There was a tornado watch Monday night, along with a severe thunderstorm warning.  Well, I think--although I am not sure--that a couple of drips fell from the sky; but they could have come from Tad’s paws, after he got them wet jumping up onto the counter in an attempt to go out the kitchen window.  He accidentally stepped splaaat into a cup of water sitting there.

Last Sunday night’s tornado damaged several farm buildings around the area, but missed nearby houses.  There have been a number of other tornadoes throughout the week.  One little town in south central Nebraska was nearly devastated Halloween night.  Quite a lot of adults and children were out celebrating and playing games.  They took shelter in a big building in the middle of town--and it was one of few structures left standing, although the attached store was demolished.

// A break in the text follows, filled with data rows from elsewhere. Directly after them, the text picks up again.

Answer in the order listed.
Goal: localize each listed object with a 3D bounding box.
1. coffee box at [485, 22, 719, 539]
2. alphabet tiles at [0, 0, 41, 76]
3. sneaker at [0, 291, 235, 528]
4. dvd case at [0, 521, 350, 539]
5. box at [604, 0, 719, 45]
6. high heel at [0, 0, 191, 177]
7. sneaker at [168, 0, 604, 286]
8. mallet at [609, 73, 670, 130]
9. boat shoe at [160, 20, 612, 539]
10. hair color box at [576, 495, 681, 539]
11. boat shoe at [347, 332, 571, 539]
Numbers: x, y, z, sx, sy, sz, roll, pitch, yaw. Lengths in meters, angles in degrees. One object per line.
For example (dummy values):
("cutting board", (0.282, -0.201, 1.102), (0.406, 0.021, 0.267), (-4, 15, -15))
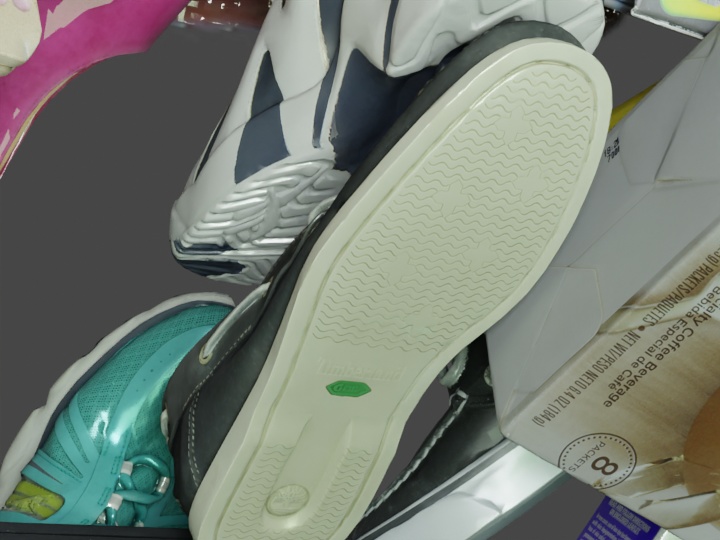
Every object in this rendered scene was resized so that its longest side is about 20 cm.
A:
("coffee box", (0.147, 0.032, 0.810), (0.199, 0.080, 0.114), (30, 122, -26))
("alphabet tiles", (-0.144, -0.151, 0.754), (0.195, 0.015, 0.201), (13, 55, -45))
("sneaker", (-0.093, 0.096, 0.874), (0.077, 0.080, 0.200), (40, 87, -13))
("dvd case", (-0.090, 0.170, 0.862), (0.142, 0.018, 0.201), (6, 114, -34))
("box", (0.114, -0.173, 0.814), (0.034, 0.110, 0.201), (17, 97, -14))
("high heel", (-0.103, -0.032, 0.862), (0.199, 0.067, 0.096), (-34, 92, 9))
("sneaker", (-0.001, -0.087, 0.841), (0.079, 0.199, 0.130), (8, 58, -23))
("mallet", (0.104, -0.061, 0.902), (0.199, 0.066, 0.041), (-31, 79, -8))
("boat shoe", (0.000, 0.000, 0.790), (0.071, 0.068, 0.200), (14, 125, -32))
("hair color box", (0.133, 0.112, 0.930), (0.109, 0.065, 0.201), (34, 91, -15))
("boat shoe", (0.060, 0.031, 0.897), (0.199, 0.074, 0.068), (-41, 81, 16))
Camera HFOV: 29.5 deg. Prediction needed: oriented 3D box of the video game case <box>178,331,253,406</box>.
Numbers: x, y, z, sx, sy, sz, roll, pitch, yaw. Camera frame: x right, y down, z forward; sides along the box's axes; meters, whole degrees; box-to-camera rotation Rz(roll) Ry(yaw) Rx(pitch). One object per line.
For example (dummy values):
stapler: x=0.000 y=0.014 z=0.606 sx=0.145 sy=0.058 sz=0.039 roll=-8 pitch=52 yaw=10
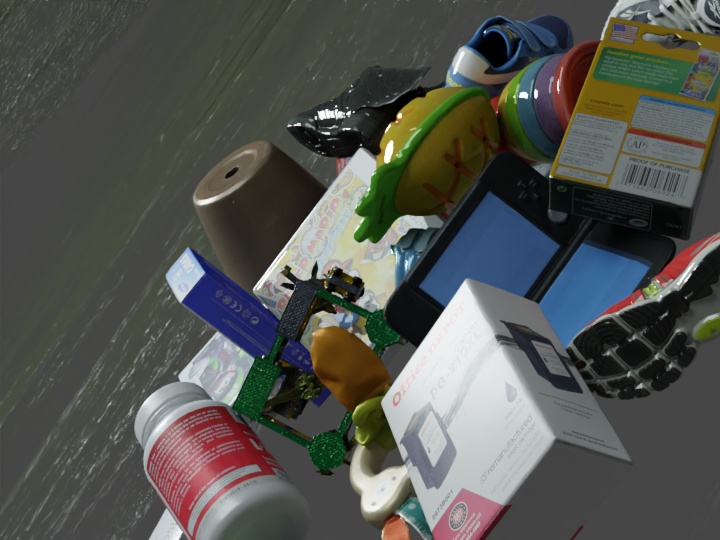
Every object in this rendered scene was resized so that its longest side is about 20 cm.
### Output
video game case: x=-0.137 y=0.095 z=1.662 sx=0.200 sy=0.023 sz=0.182 roll=-48 pitch=25 yaw=3

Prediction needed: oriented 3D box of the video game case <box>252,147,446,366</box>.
video game case: x=0.000 y=0.000 z=1.436 sx=0.182 sy=0.023 sz=0.200 roll=44 pitch=101 yaw=31

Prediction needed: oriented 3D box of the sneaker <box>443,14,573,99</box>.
sneaker: x=0.170 y=-0.239 z=1.493 sx=0.074 sy=0.083 sz=0.200 roll=34 pitch=50 yaw=25

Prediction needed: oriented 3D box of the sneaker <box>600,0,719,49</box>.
sneaker: x=0.323 y=-0.252 z=1.323 sx=0.199 sy=0.080 sz=0.130 roll=-32 pitch=20 yaw=13

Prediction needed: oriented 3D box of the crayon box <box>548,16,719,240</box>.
crayon box: x=0.256 y=-0.130 z=1.222 sx=0.125 sy=0.052 sz=0.201 roll=14 pitch=58 yaw=17

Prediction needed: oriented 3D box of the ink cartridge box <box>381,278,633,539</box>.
ink cartridge box: x=0.107 y=0.126 z=1.075 sx=0.145 sy=0.084 sz=0.200 roll=-57 pitch=32 yaw=23

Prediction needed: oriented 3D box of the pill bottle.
pill bottle: x=-0.141 y=0.199 z=1.325 sx=0.112 sy=0.112 sz=0.200 roll=-48 pitch=46 yaw=3

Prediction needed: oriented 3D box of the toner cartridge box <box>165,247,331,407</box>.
toner cartridge box: x=-0.114 y=0.061 z=1.463 sx=0.043 sy=0.200 sz=0.095 roll=-50 pitch=25 yaw=1

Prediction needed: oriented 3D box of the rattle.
rattle: x=0.015 y=0.155 z=1.206 sx=0.130 sy=0.143 sz=0.200 roll=-13 pitch=33 yaw=24

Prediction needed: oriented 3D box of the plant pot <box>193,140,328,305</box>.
plant pot: x=-0.101 y=-0.051 z=1.594 sx=0.200 sy=0.175 sz=0.201 roll=-30 pitch=25 yaw=16

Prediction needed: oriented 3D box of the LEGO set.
LEGO set: x=-0.035 y=0.098 z=1.374 sx=0.116 sy=0.153 sz=0.201 roll=21 pitch=-93 yaw=-82

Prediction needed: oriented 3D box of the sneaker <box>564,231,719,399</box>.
sneaker: x=0.250 y=0.031 z=1.087 sx=0.200 sy=0.077 sz=0.085 roll=-36 pitch=8 yaw=24

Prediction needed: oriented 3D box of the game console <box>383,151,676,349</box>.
game console: x=0.145 y=0.009 z=1.209 sx=0.200 sy=0.170 sz=0.118 roll=-53 pitch=2 yaw=-9

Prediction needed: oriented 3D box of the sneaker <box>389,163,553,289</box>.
sneaker: x=0.103 y=-0.034 z=1.332 sx=0.130 sy=0.080 sz=0.201 roll=23 pitch=71 yaw=33

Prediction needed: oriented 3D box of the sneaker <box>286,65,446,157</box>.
sneaker: x=0.002 y=-0.185 z=1.552 sx=0.199 sy=0.060 sz=0.104 roll=10 pitch=62 yaw=55

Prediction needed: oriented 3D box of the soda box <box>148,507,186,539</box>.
soda box: x=-0.193 y=0.320 z=1.388 sx=0.064 sy=0.068 sz=0.201 roll=-10 pitch=45 yaw=53

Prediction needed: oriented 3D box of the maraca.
maraca: x=0.062 y=-0.104 z=1.346 sx=0.107 sy=0.137 sz=0.200 roll=36 pitch=63 yaw=23

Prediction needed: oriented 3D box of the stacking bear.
stacking bear: x=0.188 y=-0.154 z=1.384 sx=0.122 sy=0.114 sz=0.200 roll=-47 pitch=15 yaw=-25

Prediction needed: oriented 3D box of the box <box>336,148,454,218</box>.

Tuesday was Mama’s 83rd birthday.  We gave her a hand-blown glass flower and hummingbird figurine.  Joseph picked it out, and it is so pretty.  Also, we gave her the cedar box with the sparkly hologram picture of hummingbirds and flowers on the lid, which I got on top of Trail Ridge Road in Rocky Mountain National Park.  I put a few of my favorite postcards inside it.  A couple of my nephews, along with some of their family, were there; and John and Lura Kay came, too.  We wound up telling droll stories about some of our trailer happenings and mishappenings…and then Mama told us a few stories about travels she took with Daddy.
 
She told us of a time, in the middle or late 50s, when Daddy had some sort of an early-50s model car with an enormous trunk.  He thought this was just the ticket for long-distance travel--he would not have to rent motel rooms, because the trunk was plenty large enough to use as a bed!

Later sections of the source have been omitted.